Supplied records
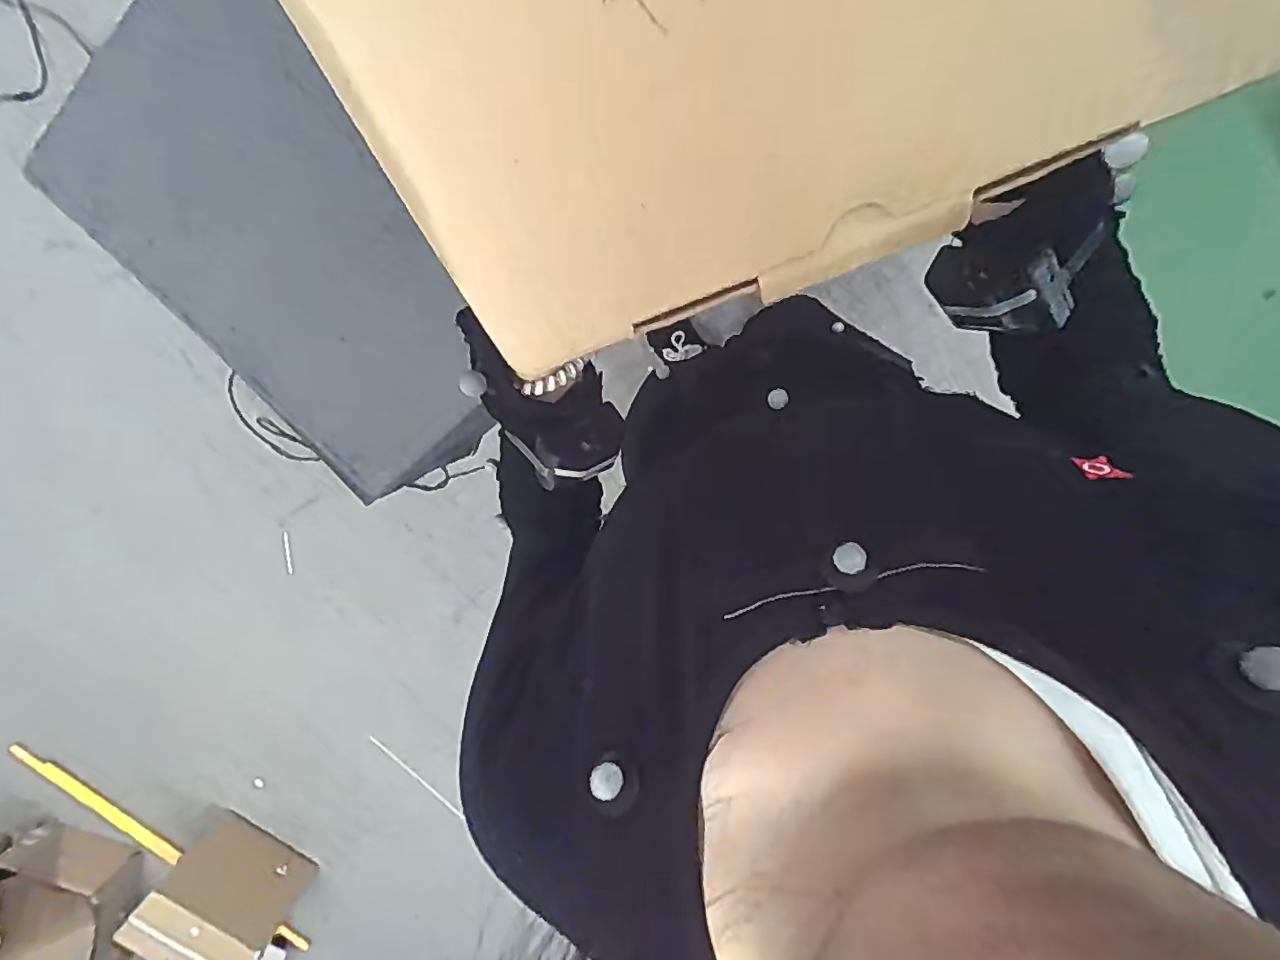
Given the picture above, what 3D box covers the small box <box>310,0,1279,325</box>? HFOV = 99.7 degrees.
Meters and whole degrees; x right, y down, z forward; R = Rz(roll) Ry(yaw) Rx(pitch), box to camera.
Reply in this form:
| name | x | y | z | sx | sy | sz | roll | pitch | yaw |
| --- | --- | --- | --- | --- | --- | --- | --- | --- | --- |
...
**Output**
| name | x | y | z | sx | sy | sz | roll | pitch | yaw |
| --- | --- | --- | --- | --- | --- | --- | --- | --- | --- |
| small box | 0.010 | -0.171 | 0.127 | 0.168 | 0.176 | 0.179 | -18 | 127 | 10 |
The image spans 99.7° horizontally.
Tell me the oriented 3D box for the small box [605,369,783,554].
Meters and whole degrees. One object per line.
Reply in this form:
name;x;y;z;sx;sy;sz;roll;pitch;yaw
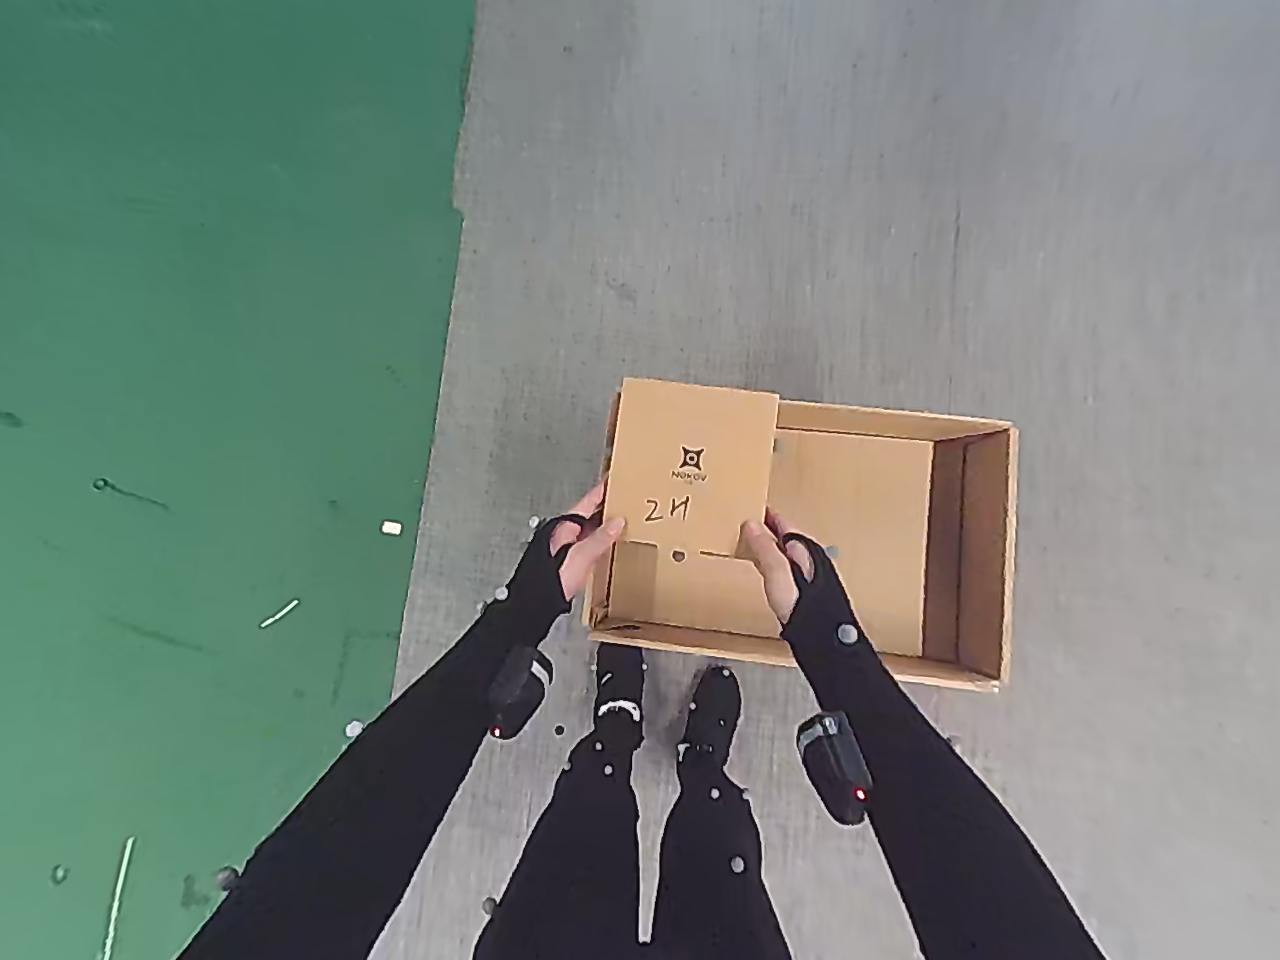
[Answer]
small box;0.063;-0.014;0.641;0.168;0.176;0.179;9;85;6
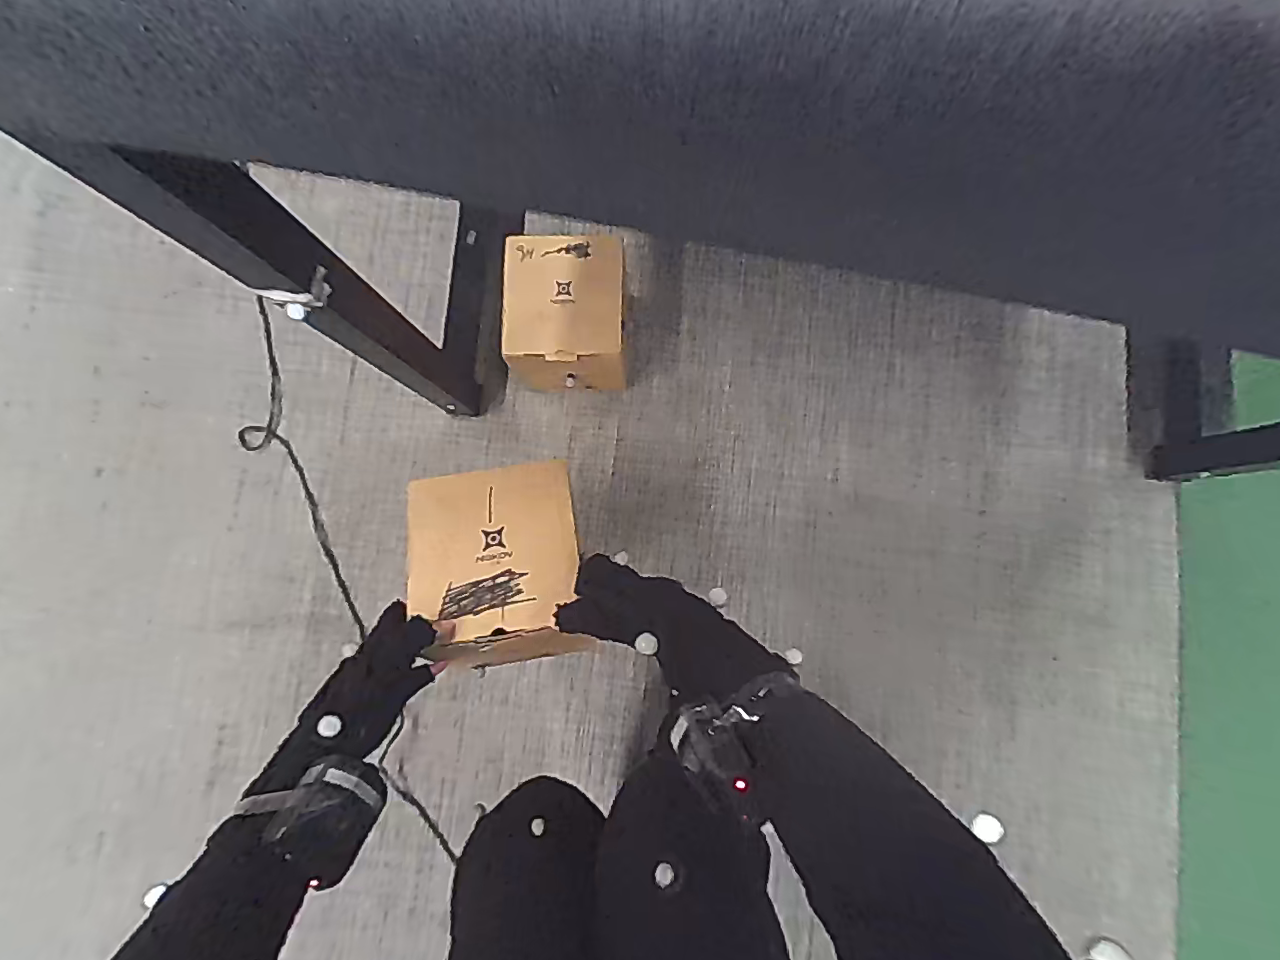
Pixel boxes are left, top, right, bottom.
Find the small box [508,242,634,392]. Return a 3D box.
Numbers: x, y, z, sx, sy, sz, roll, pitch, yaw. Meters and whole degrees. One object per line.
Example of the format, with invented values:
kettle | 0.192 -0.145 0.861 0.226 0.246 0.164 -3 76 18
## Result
small box | -0.095 -0.237 0.826 0.168 0.176 0.179 1 84 1
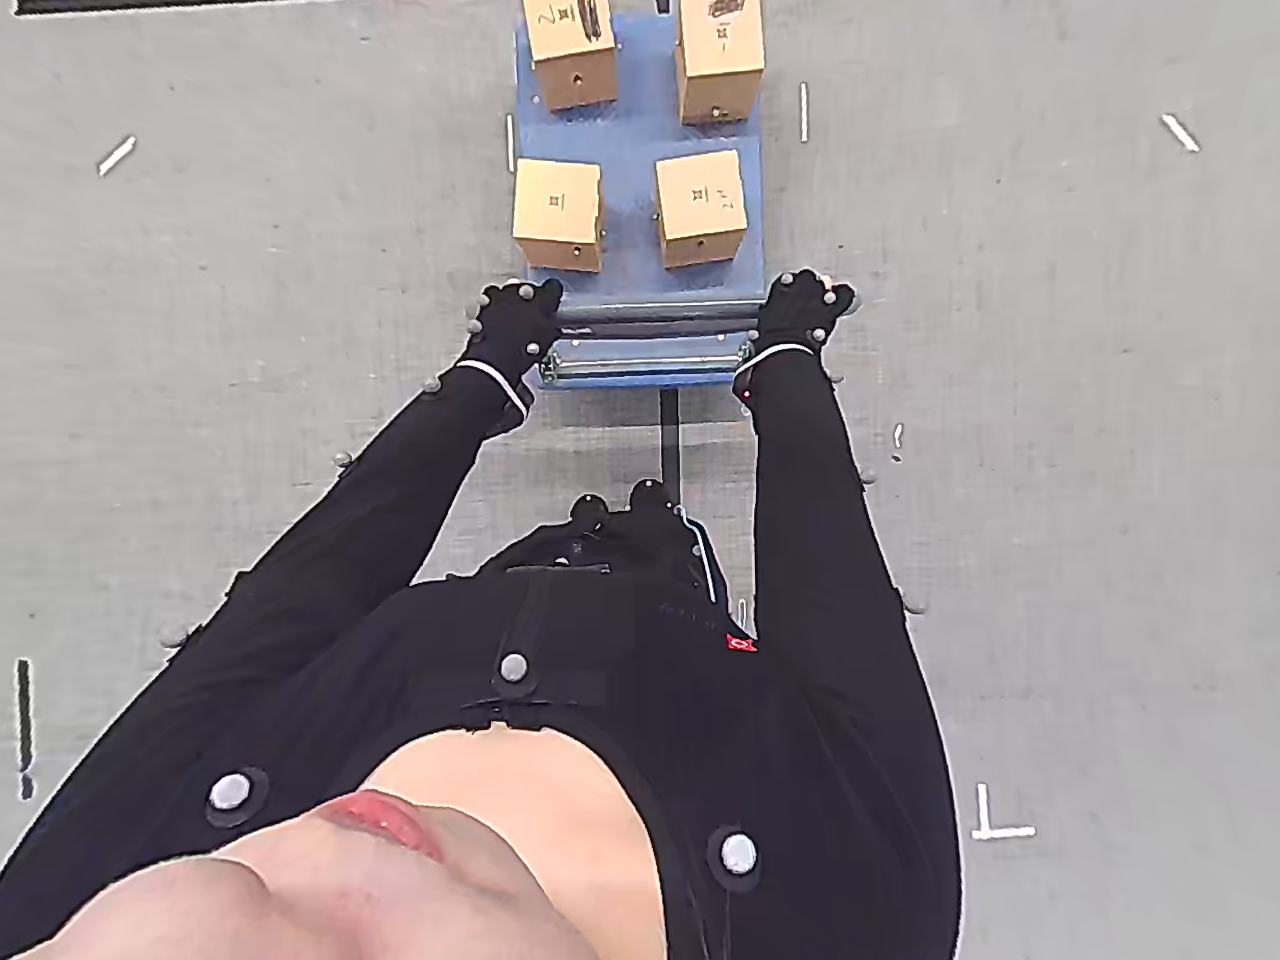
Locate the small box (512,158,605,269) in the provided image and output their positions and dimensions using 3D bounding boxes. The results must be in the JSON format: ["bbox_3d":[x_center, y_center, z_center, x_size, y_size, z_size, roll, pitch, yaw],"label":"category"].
[{"bbox_3d":[-0.175,-0.586,1.206,0.179,0.176,0.168,4,92,-1],"label":"small box"}]

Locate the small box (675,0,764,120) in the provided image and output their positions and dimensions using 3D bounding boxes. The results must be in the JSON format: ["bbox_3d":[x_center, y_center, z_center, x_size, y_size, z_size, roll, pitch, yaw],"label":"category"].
[{"bbox_3d":[0.168,-0.935,1.189,0.168,0.176,0.179,-5,93,1],"label":"small box"}]

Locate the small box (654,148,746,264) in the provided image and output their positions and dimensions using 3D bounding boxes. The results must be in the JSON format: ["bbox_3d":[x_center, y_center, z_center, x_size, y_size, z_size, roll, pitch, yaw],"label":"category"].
[{"bbox_3d":[0.128,-0.599,1.203,0.179,0.176,0.168,-8,92,1],"label":"small box"}]
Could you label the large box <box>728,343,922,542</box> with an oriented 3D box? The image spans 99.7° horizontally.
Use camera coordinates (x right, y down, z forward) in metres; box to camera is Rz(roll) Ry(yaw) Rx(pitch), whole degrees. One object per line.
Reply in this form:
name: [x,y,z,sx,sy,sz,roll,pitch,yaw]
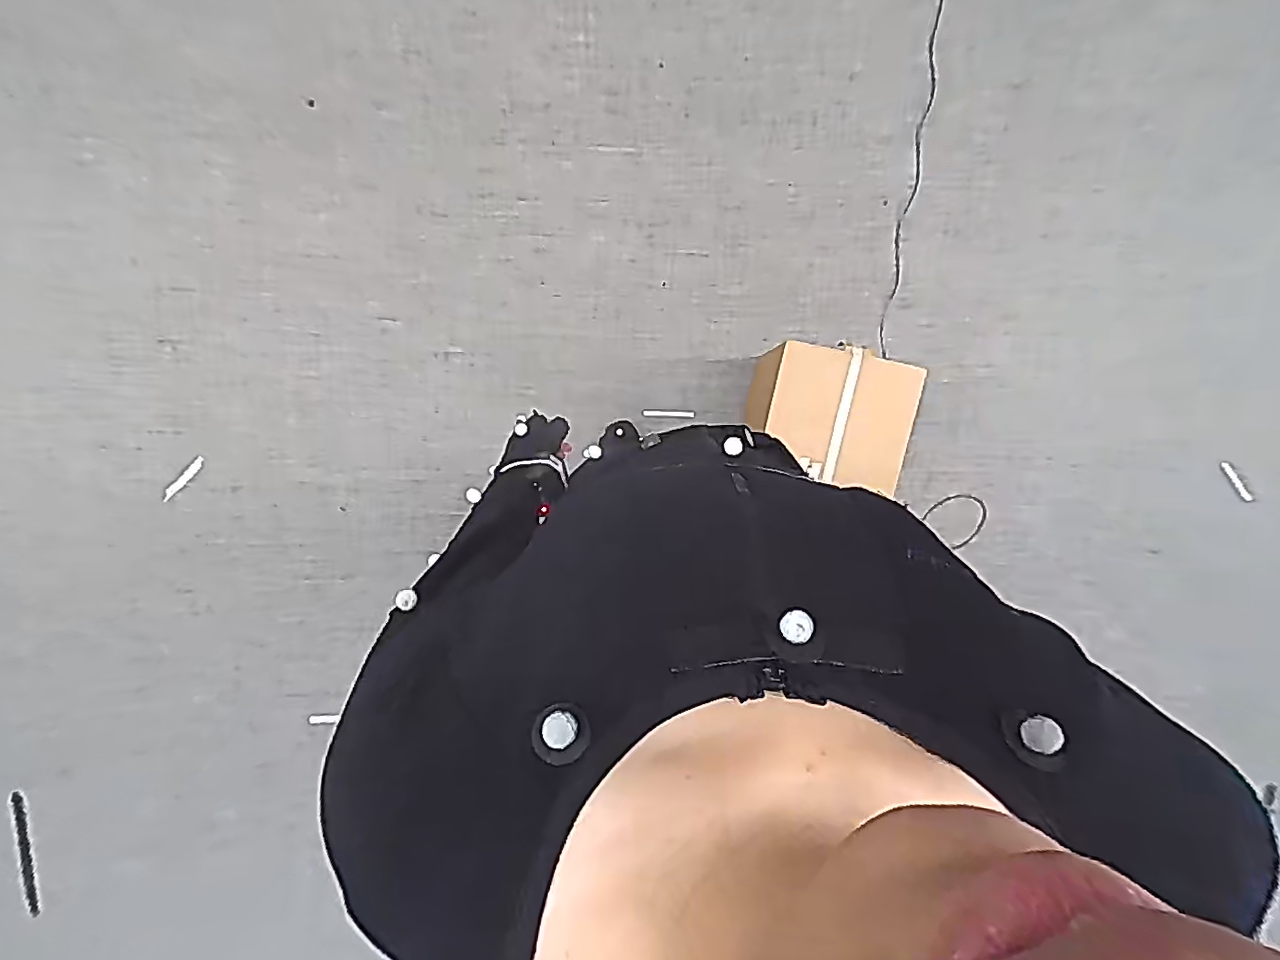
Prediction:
large box: [0.432,-0.099,1.349,0.320,0.320,0.408,12,98,-1]
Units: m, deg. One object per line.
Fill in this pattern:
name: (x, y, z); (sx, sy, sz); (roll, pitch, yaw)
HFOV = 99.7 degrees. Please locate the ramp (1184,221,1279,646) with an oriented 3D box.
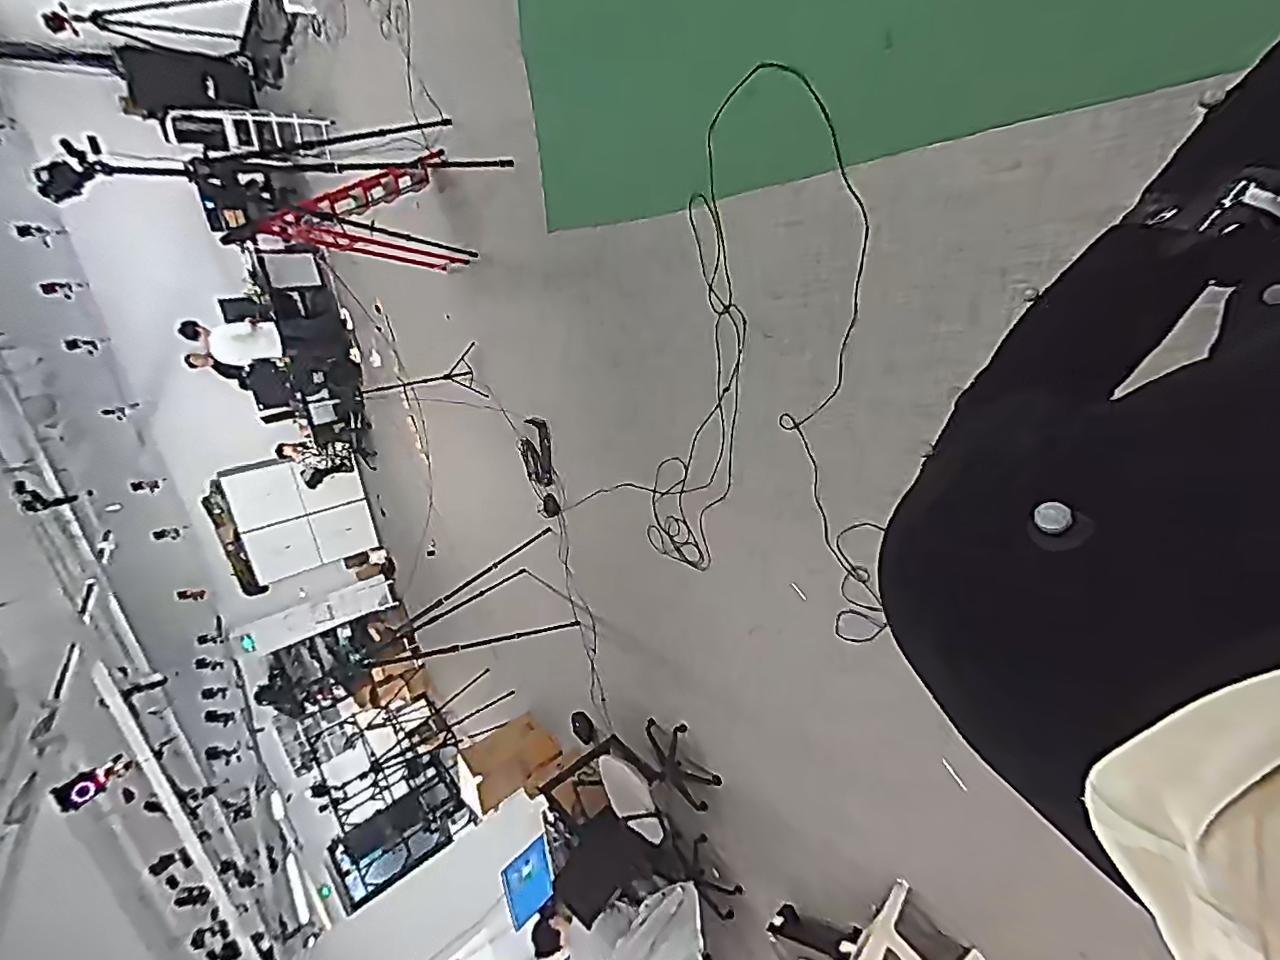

To do
Lines with "oriented": find them in the data and copy each one.

Expected answer
Tell me the oriented 3D box for the small box [605,369,783,554].
Could you label the large box <box>728,343,922,542</box> with an oriented 3D box? The image spans 99.7° horizontally.
HFOV = 99.7 degrees. Please locate the ramp (1184,221,1279,646) with an oriented 3D box.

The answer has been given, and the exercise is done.